Наступает тишина, за ней — другая и третья...
2-Й ГОЛОС
Молчание сгущается... То есть, простите, я не хотел...
3-Й ГОЛОС
Я больше не могу! Я буду говорить о чае. Чай — это молчание каких-то сил.
4-Й ГОЛОС
Молчание, не переводимое ни на какой язык.
5-Й ГОЛОС
Ах, мой платок обезумел от собственной белизны!
1-Й ГОЛОС
Это молчание чая или ваш голос?
5-Й ГОЛОС
Мой, мой голос! Пятый.
2-Й ГОЛОС
Нас странное количество! Нас больше, чем меньше.
3-Й ГОЛОС
Нас больше, чем нас.
4-Й ГОЛОС
Боже, какой звук у этого ливня! Кажется, сбывается пророческий цвет чая.
5-Й ГОЛОС
А ведь никто не обращал внимания! А цвет-то, действительно, пророческий!
2-Й ГОЛОС
Мой голос побелел, как платок.
1-Й ГОЛОС
Нет, поверх уже темнеют пятна пророчества.
3-Й ГОЛОС
Прошу вас, не говорите о белом цвете! Ливень услышит.
5-Й ГОЛОС
Разрешите мне, я хочу прочесть вам свою исповедь.
3-Й ГОЛОС
Нам и ливню.
4-Й ГОЛОС
Что? Исповедь ливня?!
2-Й ГОЛОС
Да нет же! Исповедь ливню.
1-Й ГОЛОС
Читайте, читайте, пока молчат фонари!
3-Й ГОЛОС
Читайте, читайте, пока молчим мы!
ХОЗЯЙКА
Вы заглушаете его своим молчанием.
5-Й ГОЛОС
Я начну свою исповедь издалека... из Смоленска... А вы знаете, что пытки на Руси были отменены при императрице Екатерине II? И с тех пор не раз еще отменялись...
4-Й ГОЛОС
Ничего не понимаю! Исповедь или пытка?
5-Й ГОЛОС (в отчаянии)
И то, и другое...
Темное утро сменилось кромешным днем. Темное. Емное. Мное. Ное. Ое. Е. Ое. Ное. Мное. Емное. Темное.

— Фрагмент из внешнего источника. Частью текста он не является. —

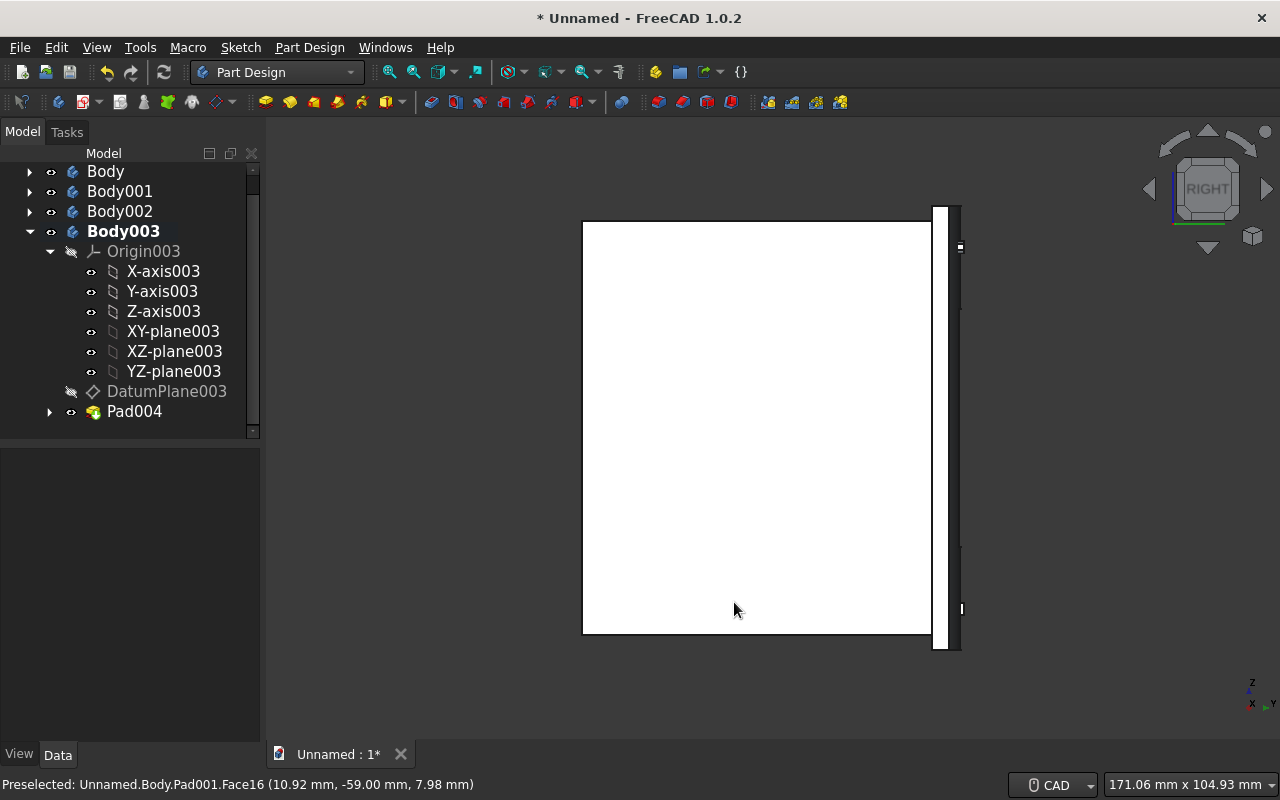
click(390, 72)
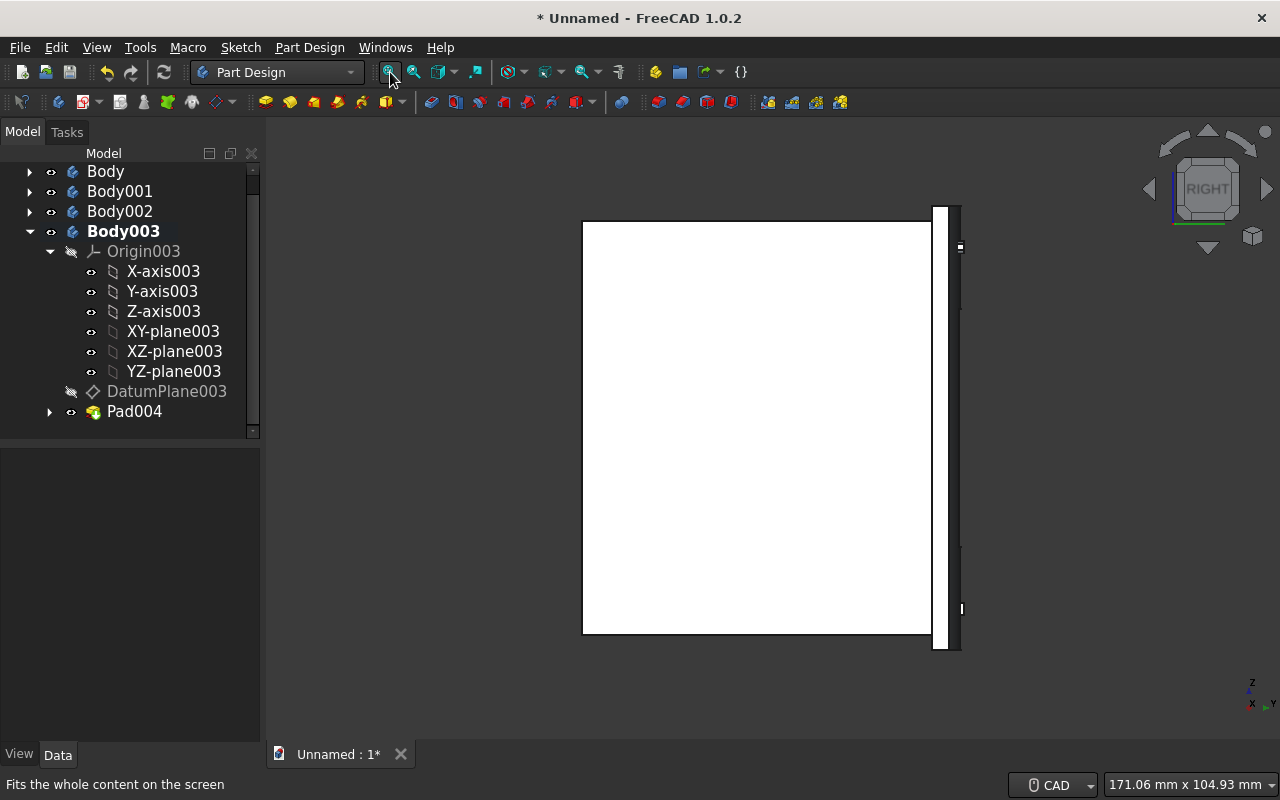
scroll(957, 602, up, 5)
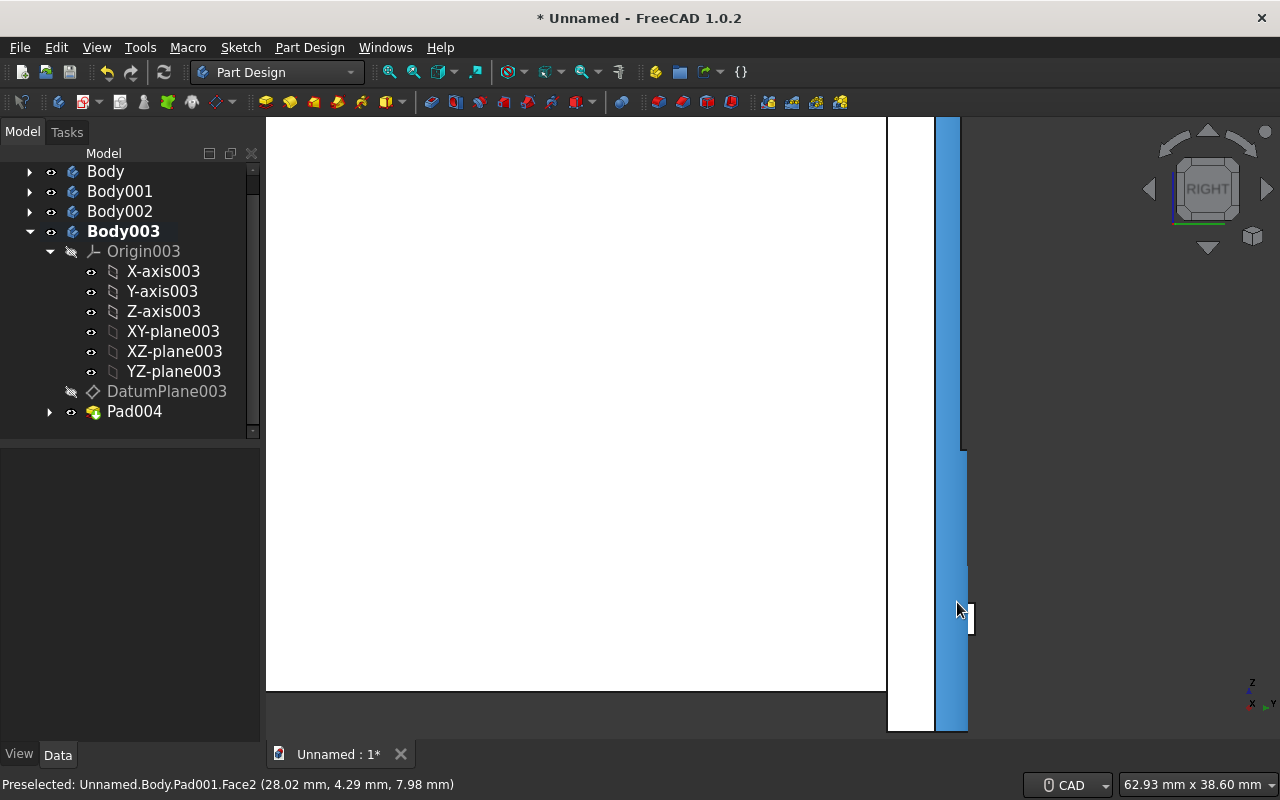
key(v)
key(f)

Какой-то человек и какие-то люди укрылись в одной из каменных подворотен. Мимо стремительно пронесся Куклин, как время проносится мимо остановившихся часов. Он думал: «Нет, нет! Я не думал...».
Пермяков, пьяный от ливня и от вина. Гречанка, пьяная от и, и от ливня. Он сказал ей что-то на языке безумных. Она посмотрела на него молчанием, расширенным от ужаса. Голос ливня и голос хлыста.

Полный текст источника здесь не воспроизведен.